(Excerpts from a dataset)

***

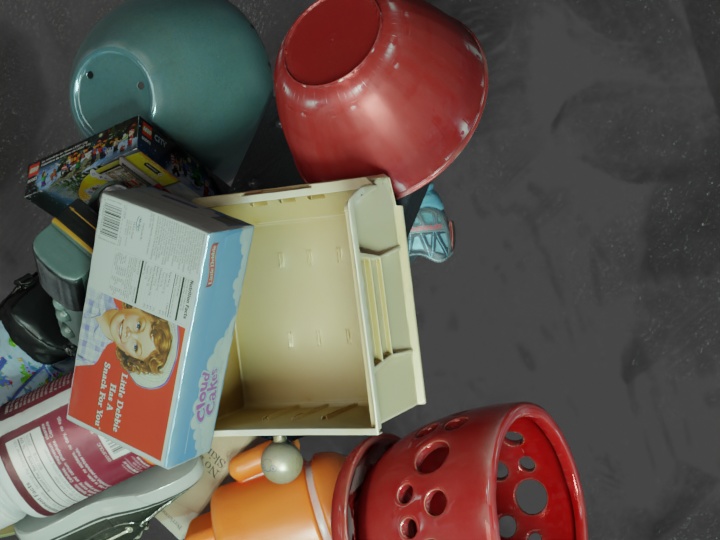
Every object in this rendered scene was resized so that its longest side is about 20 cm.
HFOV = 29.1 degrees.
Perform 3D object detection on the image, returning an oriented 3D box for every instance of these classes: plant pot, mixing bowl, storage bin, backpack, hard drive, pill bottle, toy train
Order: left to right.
[{"bbox_3d":[-0.330,0.091,1.411,0.199,0.163,0.154,-32,101,31],"label":"backpack"},{"bbox_3d":[-0.278,0.162,1.304,0.198,0.114,0.115,-25,89,6],"label":"pill bottle"},{"bbox_3d":[-0.232,0.004,1.246,0.085,0.114,0.201,39,154,16],"label":"toy train"},{"bbox_3d":[-0.200,-0.167,1.316,0.197,0.134,0.203,4,101,23],"label":"plant pot"},{"bbox_3d":[-0.060,0.031,1.169,0.198,0.093,0.202,-5,95,31],"label":"storage bin"},{"bbox_3d":[-0.021,-0.090,1.256,0.198,0.042,0.136,10,69,36],"label":"hard drive"},{"bbox_3d":[-0.001,-0.168,1.191,0.198,0.108,0.203,-16,56,25],"label":"mixing bowl"},{"bbox_3d":[0.085,0.229,1.230,0.180,0.200,0.203,-15,93,30],"label":"plant pot"}]

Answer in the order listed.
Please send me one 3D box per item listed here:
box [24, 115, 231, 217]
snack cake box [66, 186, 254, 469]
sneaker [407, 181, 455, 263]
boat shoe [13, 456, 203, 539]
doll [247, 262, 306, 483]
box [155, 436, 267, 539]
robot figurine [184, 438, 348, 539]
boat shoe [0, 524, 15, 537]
[{"bbox_3d":[-0.197,-0.060,1.305,0.135,0.200,0.038,-18,56,27],"label":"box"},{"bbox_3d":[-0.166,0.044,1.142,0.114,0.067,0.203,20,106,26],"label":"snack cake box"},{"bbox_3d":[0.000,0.000,1.290,0.199,0.079,0.096,-31,89,25],"label":"sneaker"},{"bbox_3d":[-0.236,0.229,1.349,0.198,0.071,0.064,-22,121,9],"label":"boat shoe"},{"bbox_3d":[-0.082,0.094,1.273,0.135,0.048,0.203,-6,94,32],"label":"doll"},{"bbox_3d":[-0.144,0.158,1.380,0.095,0.078,0.201,38,111,13],"label":"box"},{"bbox_3d":[-0.067,0.246,1.327,0.197,0.117,0.145,-19,60,3],"label":"robot figurine"},{"bbox_3d":[-0.312,0.212,1.399,0.063,0.198,0.074,-47,61,58],"label":"boat shoe"}]
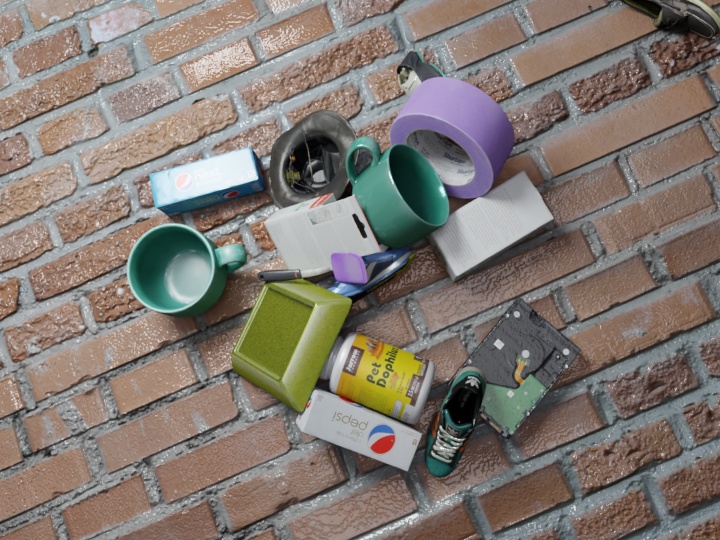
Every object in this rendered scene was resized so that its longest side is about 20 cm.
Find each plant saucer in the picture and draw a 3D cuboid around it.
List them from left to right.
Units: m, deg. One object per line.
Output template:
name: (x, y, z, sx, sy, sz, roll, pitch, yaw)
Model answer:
plant saucer: (-0.134, 0.106, 0.999, 0.198, 0.048, 0.202, 19, 81, 42)

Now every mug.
mug: (-0.299, 0.009, 1.037, 0.183, 0.114, 0.154, 18, 82, 6)
mug: (0.052, -0.130, 0.991, 0.114, 0.151, 0.187, -31, 85, 38)

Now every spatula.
spatula: (-0.085, 0.002, 1.002, 0.197, 0.021, 0.057, -6, 114, 13)

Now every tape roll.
tape roll: (0.153, -0.221, 1.001, 0.198, 0.200, 0.086, 30, 70, 8)

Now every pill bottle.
pill bottle: (0.020, 0.174, 0.998, 0.197, 0.109, 0.111, 19, 82, 7)

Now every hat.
hat: (-0.072, -0.184, 1.072, 0.198, 0.081, 0.204, -6, 78, 30)

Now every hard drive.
hard drive: (0.263, 0.168, 1.019, 0.139, 0.038, 0.201, 40, 85, 9)

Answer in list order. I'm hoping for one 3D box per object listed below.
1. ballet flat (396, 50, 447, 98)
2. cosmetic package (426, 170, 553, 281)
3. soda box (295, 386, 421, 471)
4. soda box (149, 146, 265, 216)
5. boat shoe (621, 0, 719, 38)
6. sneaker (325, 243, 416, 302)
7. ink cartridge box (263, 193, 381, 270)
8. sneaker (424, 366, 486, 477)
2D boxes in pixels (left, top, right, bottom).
ballet flat: (0.106, -0.339, 1.056, 0.072, 0.201, 0.074, -6, 124, -9)
cosmetic package: (0.226, -0.076, 1.044, 0.198, 0.071, 0.102, -30, 80, -1)
soda box: (-0.003, 0.261, 0.975, 0.198, 0.064, 0.069, 25, 83, -14)
soda box: (-0.283, -0.165, 1.097, 0.197, 0.064, 0.069, -15, 79, 1)
boat shoe: (0.569, -0.481, 1.093, 0.199, 0.073, 0.065, 38, 96, 12)
sneaker: (0.000, 0.000, 1.049, 0.199, 0.074, 0.083, -32, 81, -10)
ink cartridge box: (-0.059, -0.067, 1.004, 0.198, 0.050, 0.110, -13, 114, 33)
sneaker: (0.149, 0.258, 0.968, 0.071, 0.080, 0.203, 20, 103, 14)
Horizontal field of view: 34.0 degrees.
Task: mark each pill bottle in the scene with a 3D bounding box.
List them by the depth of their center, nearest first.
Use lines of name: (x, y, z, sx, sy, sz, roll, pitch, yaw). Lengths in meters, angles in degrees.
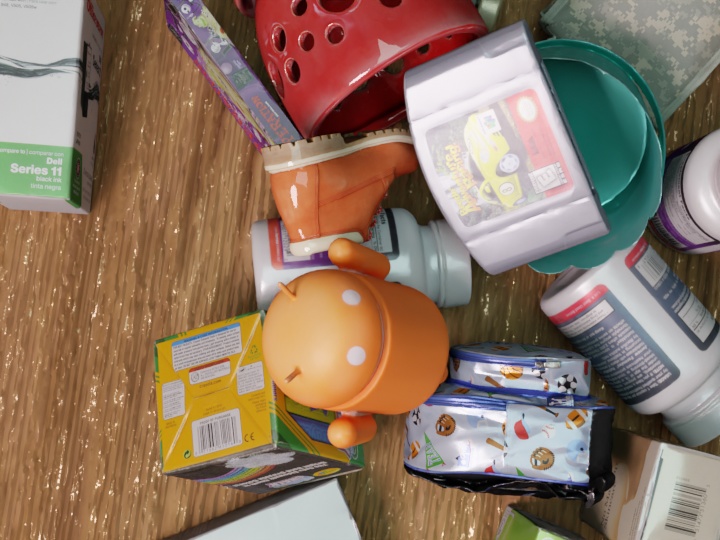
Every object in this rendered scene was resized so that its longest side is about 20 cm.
pill bottle: (0.346, -0.077, 1.109, 0.111, 0.200, 0.112, 0, 87, -4)
pill bottle: (0.000, 0.000, 1.118, 0.198, 0.111, 0.112, -5, 87, -4)
pill bottle: (0.280, 0.068, 1.137, 0.119, 0.120, 0.200, -42, 91, -5)

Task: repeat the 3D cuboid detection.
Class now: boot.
boot: (-0.007, -0.071, 1.054, 0.075, 0.199, 0.108, -8, 97, 40)

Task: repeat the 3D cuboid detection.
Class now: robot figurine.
robot figurine: (-0.002, 0.063, 0.984, 0.117, 0.200, 0.144, 40, 105, 34)

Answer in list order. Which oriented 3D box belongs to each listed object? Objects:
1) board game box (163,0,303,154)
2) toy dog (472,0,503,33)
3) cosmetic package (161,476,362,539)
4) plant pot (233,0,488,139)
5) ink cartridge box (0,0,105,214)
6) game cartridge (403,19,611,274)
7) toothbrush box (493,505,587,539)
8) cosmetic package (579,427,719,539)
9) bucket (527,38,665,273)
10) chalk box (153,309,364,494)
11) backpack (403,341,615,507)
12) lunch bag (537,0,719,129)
board game box: (-0.119, -0.177, 1.123, 0.032, 0.120, 0.200, -36, 89, -4)
toy dog: (0.117, -0.338, 1.159, 0.131, 0.096, 0.202, 0, 87, -4)
cosmetic package: (-0.095, 0.276, 1.118, 0.199, 0.090, 0.107, -20, 88, -8)
plant pot: (-0.007, -0.239, 1.099, 0.200, 0.200, 0.183, -29, 78, -5)
ink cartridge box: (-0.293, -0.160, 1.097, 0.082, 0.147, 0.202, 4, 88, -5)
game cartridge: (0.121, -0.100, 1.028, 0.132, 0.041, 0.201, -20, 104, 24)
toothbrush box: (0.151, 0.336, 1.100, 0.086, 0.146, 0.201, 22, 86, -3)
cosmetic package: (0.268, 0.206, 1.088, 0.071, 0.200, 0.106, 15, 85, -2)
bucket: (0.183, -0.113, 1.100, 0.206, 0.135, 0.209, 4, 112, 11)
chalk box: (-0.078, 0.128, 1.078, 0.124, 0.200, 0.125, -17, 68, 24)
backpack: (0.133, 0.142, 1.095, 0.189, 0.200, 0.155, -4, 82, 2)
lunch bag: (0.292, -0.261, 1.154, 0.164, 0.118, 0.200, 42, 97, -1)
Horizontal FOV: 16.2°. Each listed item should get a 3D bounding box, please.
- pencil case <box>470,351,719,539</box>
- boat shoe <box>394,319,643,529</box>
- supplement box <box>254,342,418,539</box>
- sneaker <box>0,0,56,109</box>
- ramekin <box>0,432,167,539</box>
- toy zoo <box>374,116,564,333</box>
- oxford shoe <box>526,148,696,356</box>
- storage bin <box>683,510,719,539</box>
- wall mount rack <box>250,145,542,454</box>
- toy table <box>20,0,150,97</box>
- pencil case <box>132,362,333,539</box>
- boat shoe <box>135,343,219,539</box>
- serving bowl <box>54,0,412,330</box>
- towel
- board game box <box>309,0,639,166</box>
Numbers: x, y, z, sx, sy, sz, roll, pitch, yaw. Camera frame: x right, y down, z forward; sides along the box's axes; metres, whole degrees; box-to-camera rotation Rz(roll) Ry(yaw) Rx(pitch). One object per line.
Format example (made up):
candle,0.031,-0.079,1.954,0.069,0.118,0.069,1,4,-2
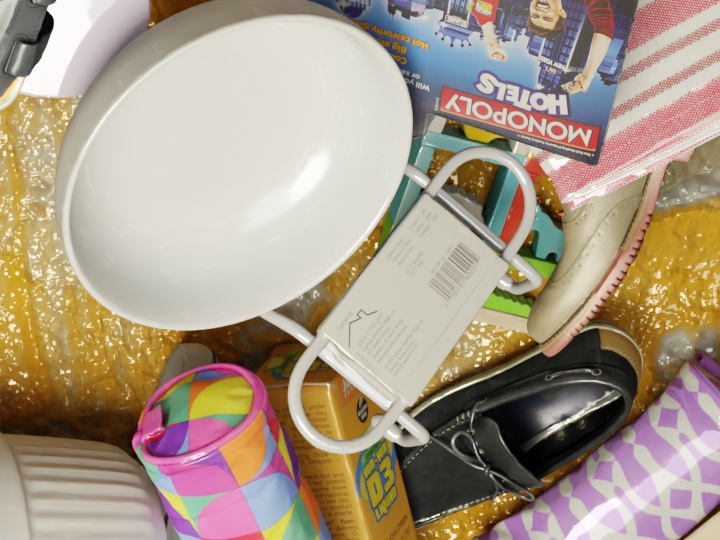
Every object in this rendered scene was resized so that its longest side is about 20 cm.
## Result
pencil case,0.158,0.136,1.548,0.200,0.086,0.084,-40,135,7
boat shoe,0.083,0.102,1.525,0.200,0.062,0.075,-32,117,18
supplement box,-0.012,0.145,1.514,0.069,0.067,0.201,-7,111,26
sneaker,-0.179,-0.135,1.248,0.200,0.079,0.079,-41,108,21
ramekin,-0.179,0.189,1.457,0.105,0.200,0.201,0,114,-21
toy zoo,0.094,-0.063,1.485,0.131,0.020,0.201,14,110,-16
oxford shoe,0.136,-0.048,1.457,0.075,0.070,0.201,26,98,-3
storage bin,0.240,0.244,1.573,0.200,0.094,0.198,-40,140,9
wall mount rack,0.000,0.000,1.425,0.174,0.075,0.200,40,75,-10
toy table,-0.199,-0.187,1.327,0.183,0.117,0.200,-33,114,6
pencil case,-0.063,0.148,1.423,0.088,0.088,0.201,-20,124,-1
boat shoe,-0.091,0.137,1.512,0.086,0.075,0.203,8,115,-13
serving bowl,-0.074,-0.066,1.335,0.199,0.066,0.201,-18,135,-19
towel,0.132,-0.153,1.405,0.146,0.030,0.201,-28,87,10
board game box,0.049,-0.139,1.355,0.199,0.062,0.200,19,133,9

***

(ACTION ITEM): Repeat word for word the lines above that run from the line containing "- supplement box <box>254,342,418,539</box>" through the line containing "- board game box <box>309,0,639,166</box>", both ends included, and nothing else.

(EXERCISE ANSWER):
- supplement box <box>254,342,418,539</box>
- sneaker <box>0,0,56,109</box>
- ramekin <box>0,432,167,539</box>
- toy zoo <box>374,116,564,333</box>
- oxford shoe <box>526,148,696,356</box>
- storage bin <box>683,510,719,539</box>
- wall mount rack <box>250,145,542,454</box>
- toy table <box>20,0,150,97</box>
- pencil case <box>132,362,333,539</box>
- boat shoe <box>135,343,219,539</box>
- serving bowl <box>54,0,412,330</box>
- towel
- board game box <box>309,0,639,166</box>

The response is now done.